Tuesday, May 31, 2011

Thin at the Margins

Slow week as I get back into things. Maybe will work on some ideas for trades later in the week.

Thin at the Margins
Earlier in May it was noted many places that margin debt had been on the rise in a big way. Pragmatic Capitalist had this to say on May 9th:
As we noted earlier this year, margin debt has tended to correlate fairly closely with the direction of the equity market. And according to the latest data from the NYSE, margin debt continues to move higher. In an effort to ride the coattails of the Fed and QE2′s “can’t lose” environment, investors have dipped into their borrowings to buy equities.
There was a chart from Gluskin Sheff:

So what should happen when speculative excess gets out of hand and people are getting a little crazy running in the markets? If you answered increase margin costs to reign in the party, you would be right as it pertains to silver. When we are talking stocks the best answer is to lower margin costs, well it's just the right thing to do:
And Scene: CME LOWERS ES, SP, YM Margins, Despite An INCREASE In Realized Vol

I will say that I am sure this is 100% normal. Fun times indeed.

Have a good night.

4 comments:

watchtower said...

This poem was in the Nov 2nd 1929edition of the New York Times:

"As fall the leaves by

Autumn blown,

So fell those lovely

shares I own.

Forlorn, disconsolate

I sing,

Goodbye, goodbye to

everything!

To car and plane and

gleaming yacht

And rather ducal

country cot

That all seemed surely

mine by Spring,

Goodbye, goodbye to

everything!"

They was digging that 'margin' in the twenties.

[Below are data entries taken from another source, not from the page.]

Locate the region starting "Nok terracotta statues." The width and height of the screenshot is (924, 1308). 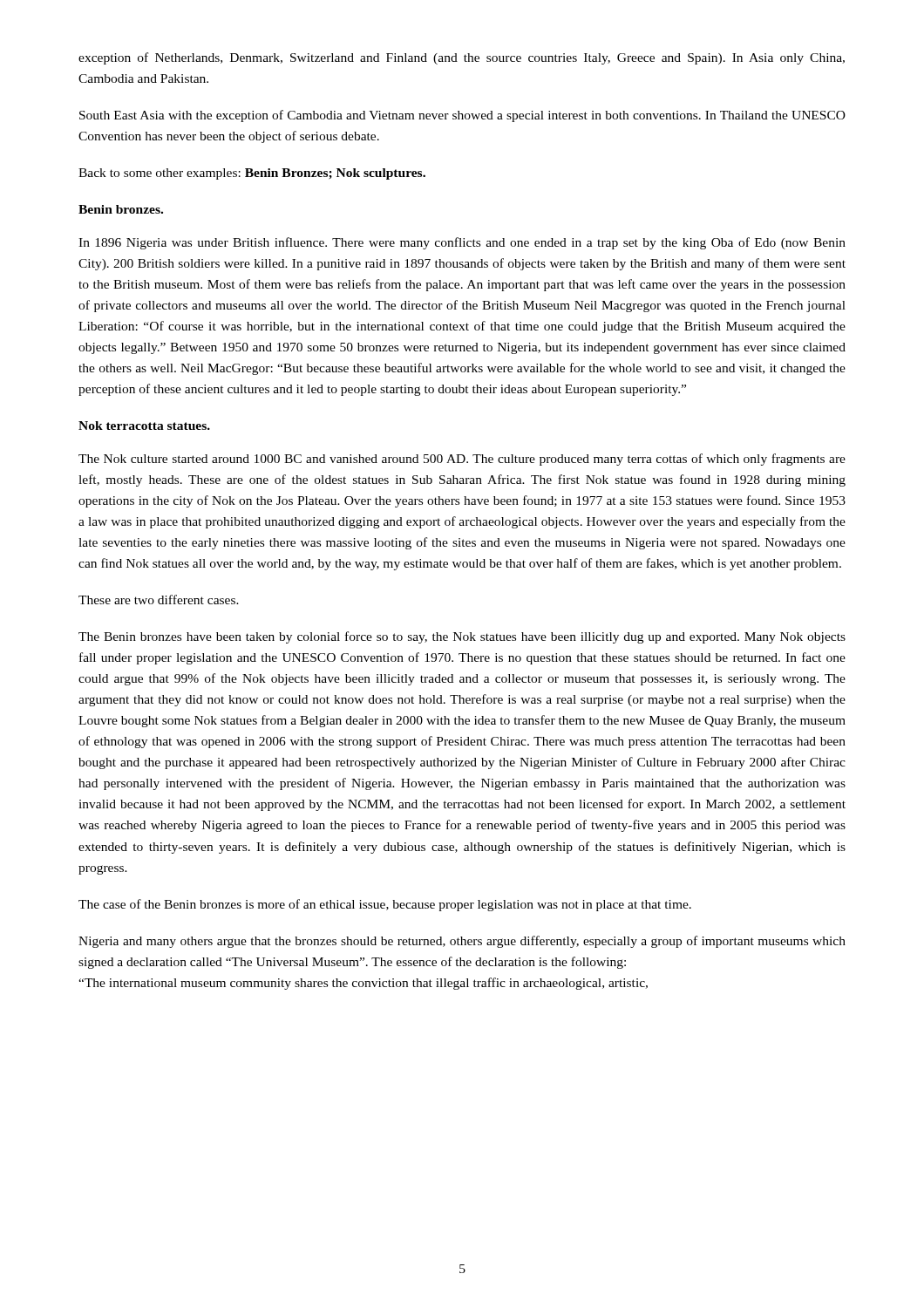144,425
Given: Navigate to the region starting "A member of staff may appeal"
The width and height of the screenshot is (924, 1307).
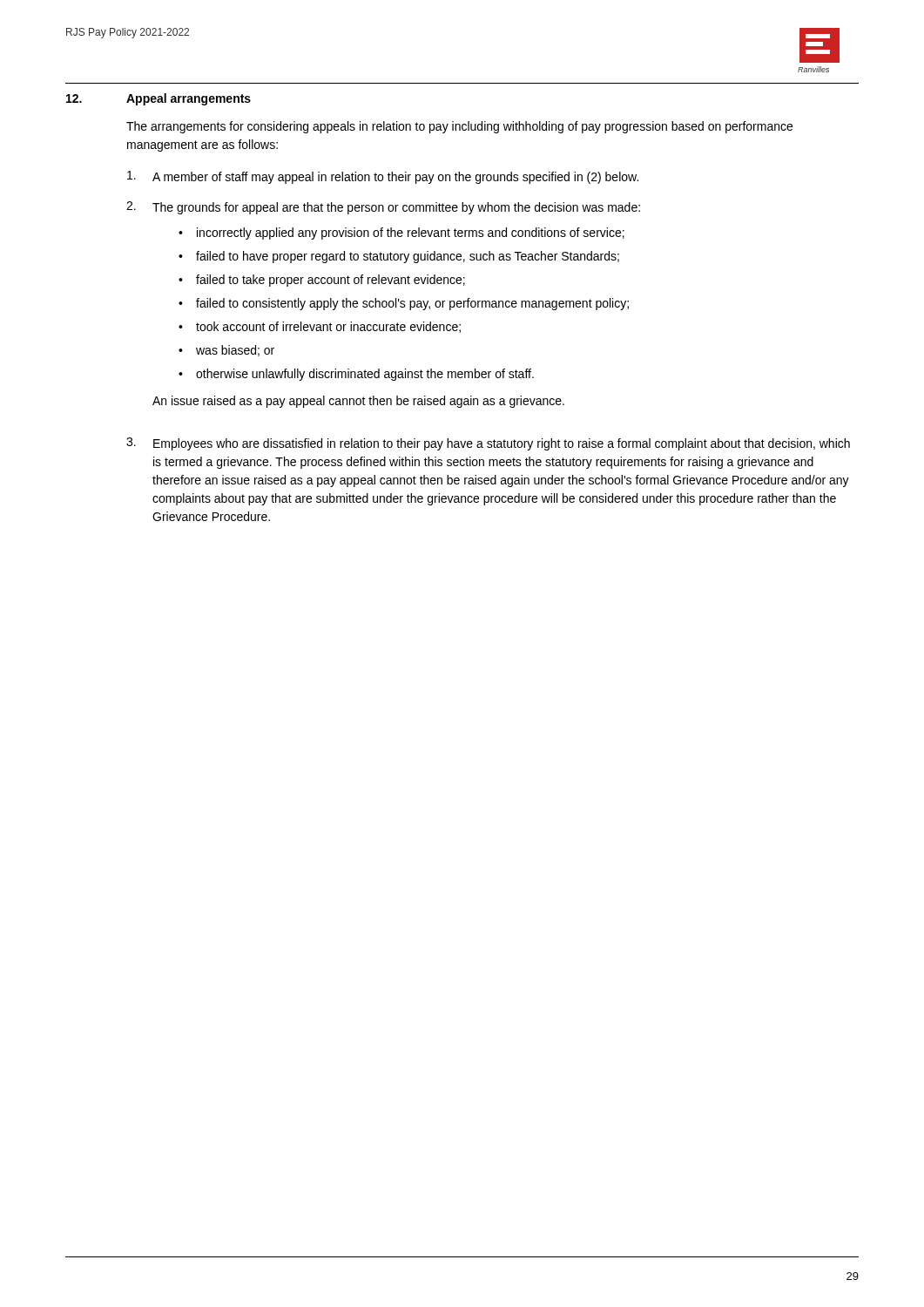Looking at the screenshot, I should [x=383, y=177].
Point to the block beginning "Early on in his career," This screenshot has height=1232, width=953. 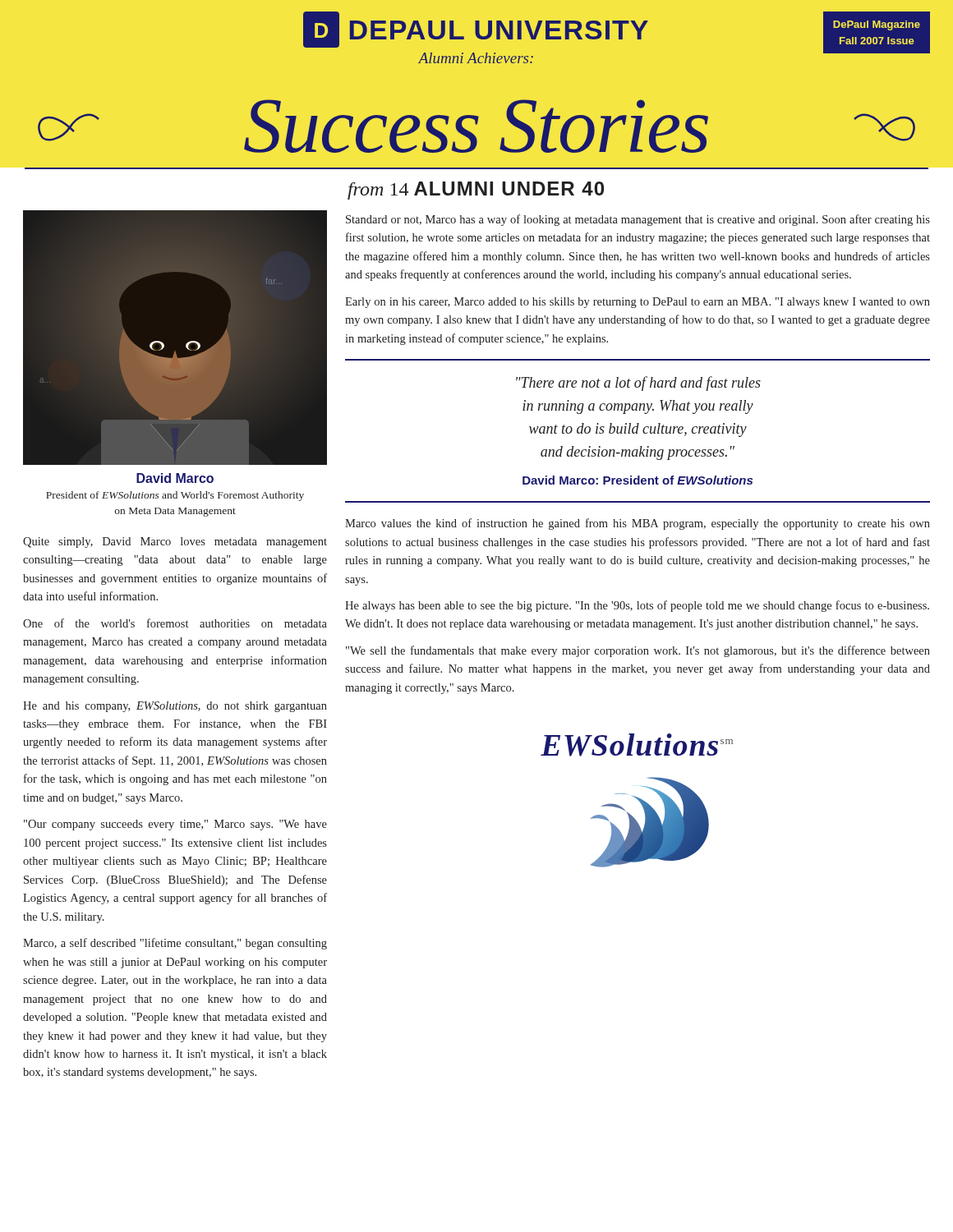tap(638, 320)

getyourselfconnected said...

AWESOME find! Nice.

scharfy said...

Gotta disagree here. CME performance bond requirements apply to both longs and shorts, for all products. The available leverage is expanded and contracted based on a number of factors, but these changes apply to BOTH buyers and sellers.

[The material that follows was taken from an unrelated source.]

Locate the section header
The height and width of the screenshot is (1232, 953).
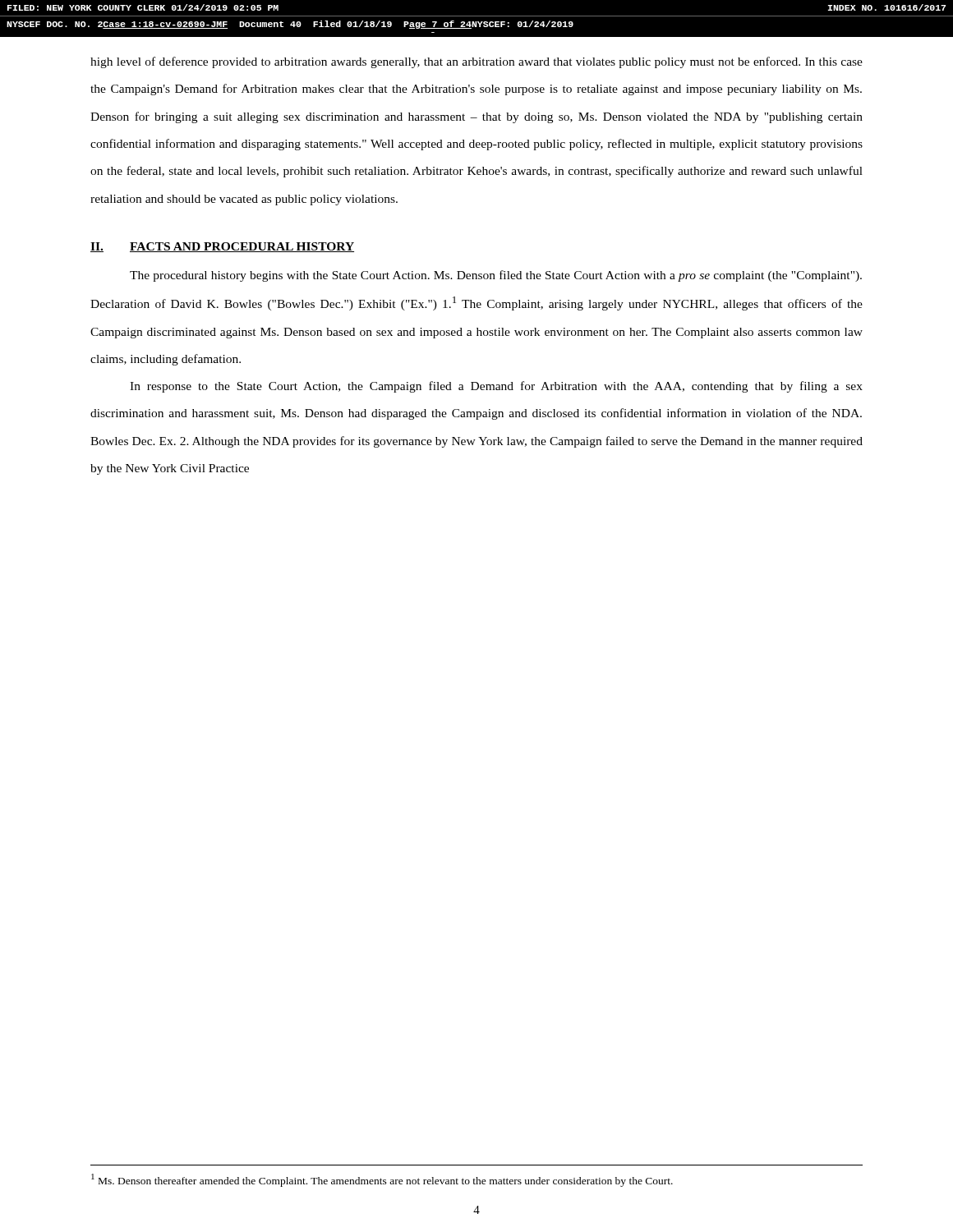pyautogui.click(x=222, y=246)

After this reduction in equity index margins, people can lever long OR short with a little less money.

Accordingly, the hikes in silver requirements hamstrung leveraged buyers and sellers equally. If you attribute market selloffs in silver to margin changes, that would imply heavily leveraged longs. Or as they call them - paper longs :)

Plenty of problems out there but the CME runs a pretty fair ship I would say.

getyourselfconnected said...

Margin is a measure of speculation and leverage, both long and short as you say. That some markets had margin increases while stocks get less was comical, and was rewarded today with a killer sell off especially the banks. Surely they must raise margins now? Or will they ban shorts again?